Mais à la limite, on s’en fout de mon âge, pas vrai ? De toute façon, vous n’êtes pas là pour me souhaiter bon anniversaire.
Alors, j’en étais où ?

Ah ouais, à ma naissance ! Bon… Me demandez pas l’année, je la connais pas, mais c’était dans les montagnes. Ouais, dans le Gévaudan même… C’était après qu’une bête en ait mis plein la gueule à la populace, si vous voyez ce que je veux dire…
Pour autant que j’y ai compris quelque chose, je crois que cette foutue bestiole était de la Race. Et je pense que c’est elle qui a « enracé » ma mère.
Des fois, je me demande ce que faisait ma mère avant d’être garou. Je l’aurai bien vu bergère, ou un autre boulot à la con dans le genre… Je crois qu’elle s’appelait Marie, mais comme je vous l’ai dit, ça fait un bail tout ça. Par contre, je me souviens de son nom : Chastel. C’est aussi le mien…

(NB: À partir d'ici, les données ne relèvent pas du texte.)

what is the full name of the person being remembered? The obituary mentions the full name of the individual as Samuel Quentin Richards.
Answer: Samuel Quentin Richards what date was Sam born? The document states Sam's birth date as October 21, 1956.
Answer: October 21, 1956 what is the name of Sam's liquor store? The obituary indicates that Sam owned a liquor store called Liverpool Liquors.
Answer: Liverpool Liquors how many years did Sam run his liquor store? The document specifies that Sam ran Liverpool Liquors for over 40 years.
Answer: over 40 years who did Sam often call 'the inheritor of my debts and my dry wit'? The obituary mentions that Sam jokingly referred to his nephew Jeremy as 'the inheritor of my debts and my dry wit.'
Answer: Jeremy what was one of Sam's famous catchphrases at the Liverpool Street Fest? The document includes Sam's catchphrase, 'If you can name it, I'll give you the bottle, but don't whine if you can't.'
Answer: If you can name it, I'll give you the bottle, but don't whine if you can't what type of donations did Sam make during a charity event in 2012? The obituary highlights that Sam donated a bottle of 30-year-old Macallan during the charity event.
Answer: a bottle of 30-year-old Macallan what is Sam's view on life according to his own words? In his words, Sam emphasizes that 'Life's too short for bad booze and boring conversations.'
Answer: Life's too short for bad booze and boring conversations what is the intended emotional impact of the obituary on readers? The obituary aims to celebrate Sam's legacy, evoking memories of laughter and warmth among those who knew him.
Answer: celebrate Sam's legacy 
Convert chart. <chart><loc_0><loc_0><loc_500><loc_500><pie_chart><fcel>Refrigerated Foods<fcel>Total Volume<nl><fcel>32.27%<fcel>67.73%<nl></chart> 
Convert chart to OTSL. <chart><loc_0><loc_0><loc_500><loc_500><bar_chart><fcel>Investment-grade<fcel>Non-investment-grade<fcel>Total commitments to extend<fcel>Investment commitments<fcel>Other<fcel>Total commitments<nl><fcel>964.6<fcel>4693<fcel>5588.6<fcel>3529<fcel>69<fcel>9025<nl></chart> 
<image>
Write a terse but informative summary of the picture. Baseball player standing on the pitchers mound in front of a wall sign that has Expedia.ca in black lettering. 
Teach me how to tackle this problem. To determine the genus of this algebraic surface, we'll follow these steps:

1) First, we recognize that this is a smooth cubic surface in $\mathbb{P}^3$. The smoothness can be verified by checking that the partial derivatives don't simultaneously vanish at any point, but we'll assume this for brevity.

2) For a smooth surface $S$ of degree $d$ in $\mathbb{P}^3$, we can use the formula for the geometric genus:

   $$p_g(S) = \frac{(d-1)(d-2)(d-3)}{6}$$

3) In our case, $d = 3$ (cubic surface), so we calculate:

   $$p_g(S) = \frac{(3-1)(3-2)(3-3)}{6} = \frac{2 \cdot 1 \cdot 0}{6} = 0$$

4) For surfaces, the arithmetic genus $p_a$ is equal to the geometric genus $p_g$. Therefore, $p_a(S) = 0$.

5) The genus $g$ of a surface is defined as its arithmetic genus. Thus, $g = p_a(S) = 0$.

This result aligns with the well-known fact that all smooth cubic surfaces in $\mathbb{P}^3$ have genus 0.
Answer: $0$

Quand on ne trouvait rien à bouffer dans les montagnes, c'est-à-dire quand on ne trouvait pas de bestiau ou d’abruti égaré un soir de tempête, il nous arrivait de descendre au village. Et c’est sûrement là que j’ai entendu la mère Chastel m’appeler Fréderic…
Chastel. Frédéric Chastel. Fred pour les intimes, et Chastel pour les autres… Et putain, ça en fait du monde !

Bon, j’étais encore qu’un chiard quand j’ai eu mes premières « montées de rage ». Je devais même ne pas avoir dix piges, c’est vous dire comme je suis précoce !
Et la mère Chastel, elle n’a pas apprécié…

C’était la première fois que je tuais quelqu’un tout seul. Et bordel, c’était le pied !
J’ai compris ce que j’étais, et ce que j’avais à faire de ma garce de vie. J’étais un tueur-né, fait pour ça depuis toujours, et pour un bout de temps, croyez-moi ! Un prédateur de l’espèce humaine.

Après, ça devient un peu confus… Je n’ai pas très bien compris ce qu’il s’est passé pendant cette période. Je crois qu’un roi s’est fait raccourcir à la guillotine pour une histoire un peu vague de pastille. Enfin, c’est ce qui se disait. Moi, je vivais mon petit bonhomme de chemin, profitant de l’hystérie de l’époque pour me faire les crocs sur du « philosophe », comme ils disaient…

Vous les auriez vus ! Hilarants ces types ! Jusqu’au bout, ils essayaient de me faire croire que je ne pouvais pas être un monstre, mais un humain comme les autres. Même quand je me métamorphosais devant ces cons, ils refusaient de croire à ce qu’ils voyaient ! Non mais, sans rire, je n’ai jamais compris ces guignols… Mais ils étaient plutôt bons à bouffer.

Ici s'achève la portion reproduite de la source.